● **Work task**:
Check each line of the data for "this", and copy the ones that have it.

● **Records for the exercise**:

--- START ---

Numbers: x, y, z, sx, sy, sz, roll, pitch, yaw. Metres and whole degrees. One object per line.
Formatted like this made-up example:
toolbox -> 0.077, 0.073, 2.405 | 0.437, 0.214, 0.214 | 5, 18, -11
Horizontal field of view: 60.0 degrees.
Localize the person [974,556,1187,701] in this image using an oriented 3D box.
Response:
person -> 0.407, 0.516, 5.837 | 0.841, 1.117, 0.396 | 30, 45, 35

--- END ---
--- START ---

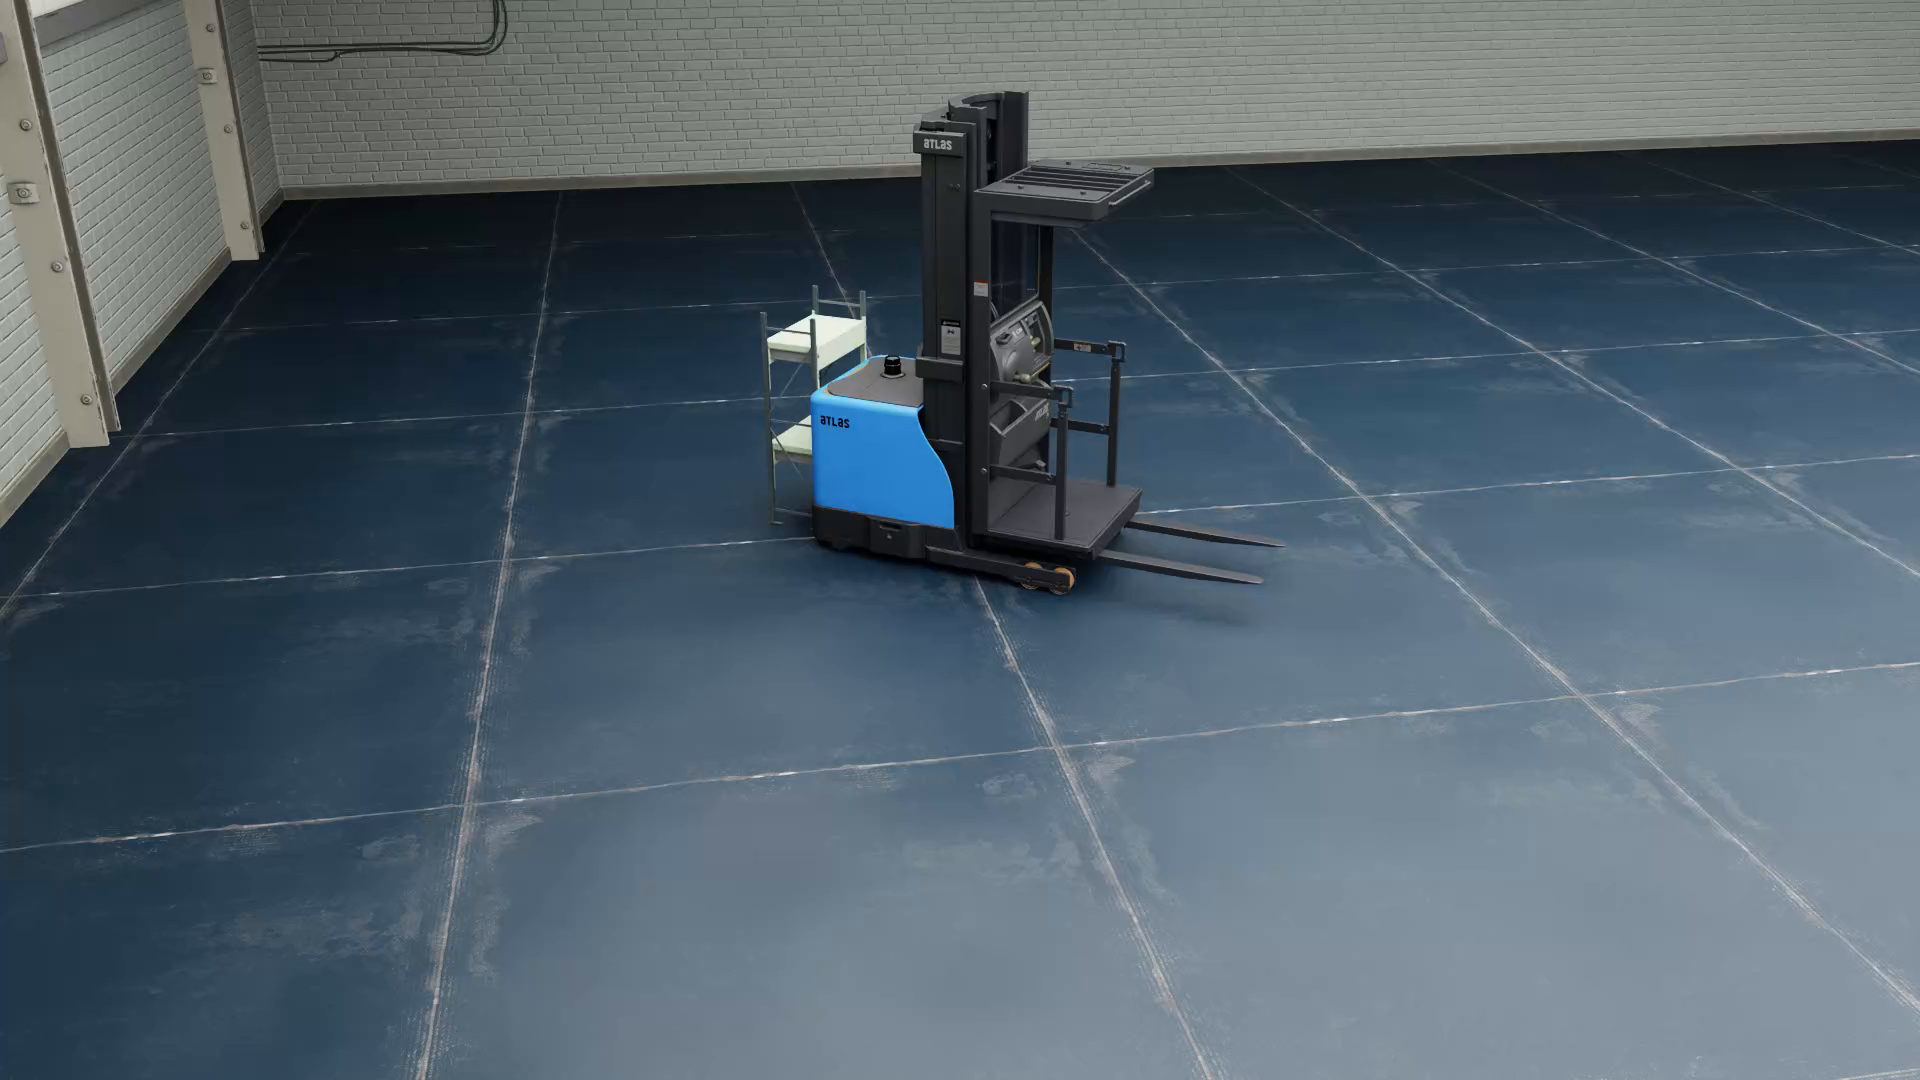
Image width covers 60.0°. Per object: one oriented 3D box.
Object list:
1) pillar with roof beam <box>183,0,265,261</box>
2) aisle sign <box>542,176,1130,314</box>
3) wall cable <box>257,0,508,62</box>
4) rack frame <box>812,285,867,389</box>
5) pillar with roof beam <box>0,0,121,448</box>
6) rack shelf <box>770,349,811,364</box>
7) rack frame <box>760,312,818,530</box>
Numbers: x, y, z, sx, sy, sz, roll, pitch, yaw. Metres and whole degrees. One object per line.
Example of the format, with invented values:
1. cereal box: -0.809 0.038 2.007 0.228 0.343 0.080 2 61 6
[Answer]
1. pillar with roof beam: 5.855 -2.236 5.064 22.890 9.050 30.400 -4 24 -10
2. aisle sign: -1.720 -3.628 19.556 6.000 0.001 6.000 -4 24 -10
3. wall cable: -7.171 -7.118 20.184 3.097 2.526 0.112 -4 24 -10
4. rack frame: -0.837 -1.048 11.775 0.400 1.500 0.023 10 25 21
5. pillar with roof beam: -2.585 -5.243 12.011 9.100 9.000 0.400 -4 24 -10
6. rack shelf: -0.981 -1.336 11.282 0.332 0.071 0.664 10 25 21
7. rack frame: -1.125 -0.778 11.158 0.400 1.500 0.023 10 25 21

--- END ---
--- START ---

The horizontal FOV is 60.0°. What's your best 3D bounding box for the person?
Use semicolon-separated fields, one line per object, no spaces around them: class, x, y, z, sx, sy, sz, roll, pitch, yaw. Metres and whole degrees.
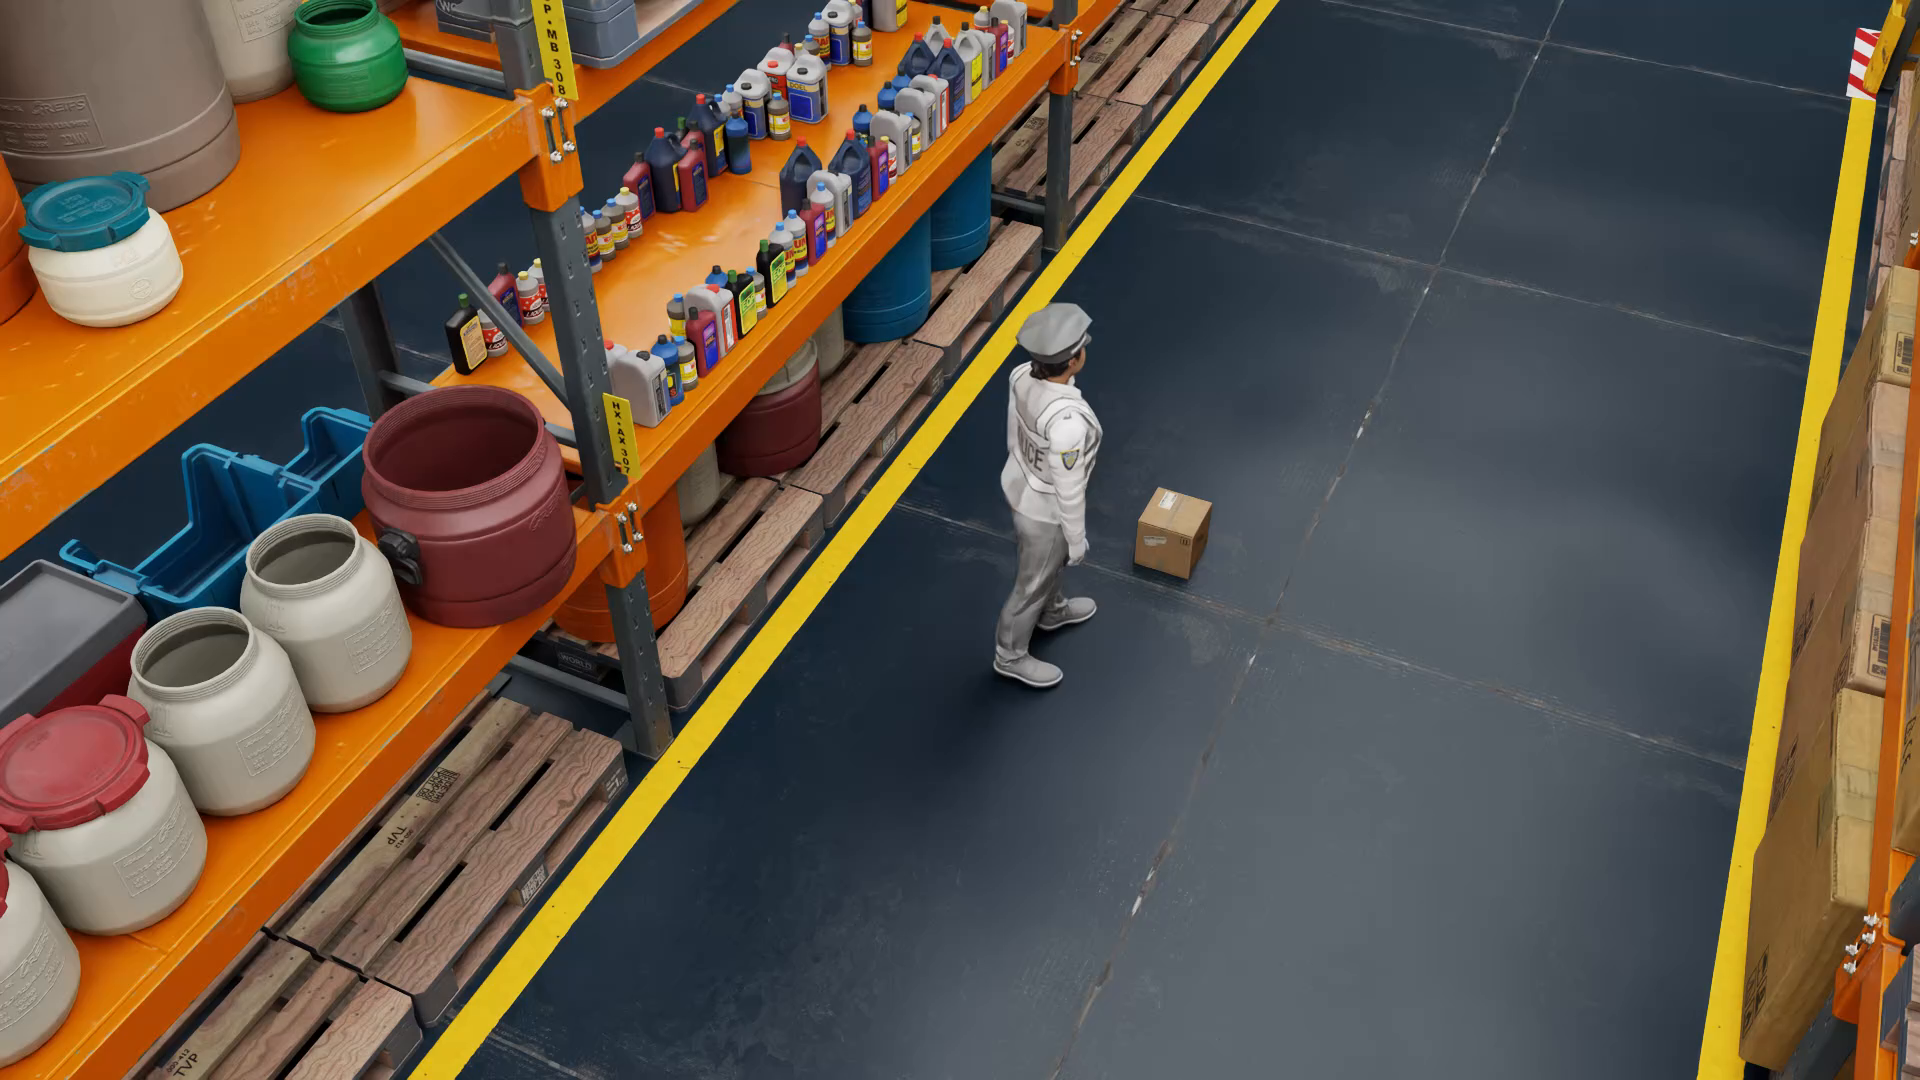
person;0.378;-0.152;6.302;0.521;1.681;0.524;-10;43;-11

--- END ---

● **Exercise answer**:
Formatted like this made-up example:
Localize the person [974,556,1187,701] in this image using an oriented 3D box.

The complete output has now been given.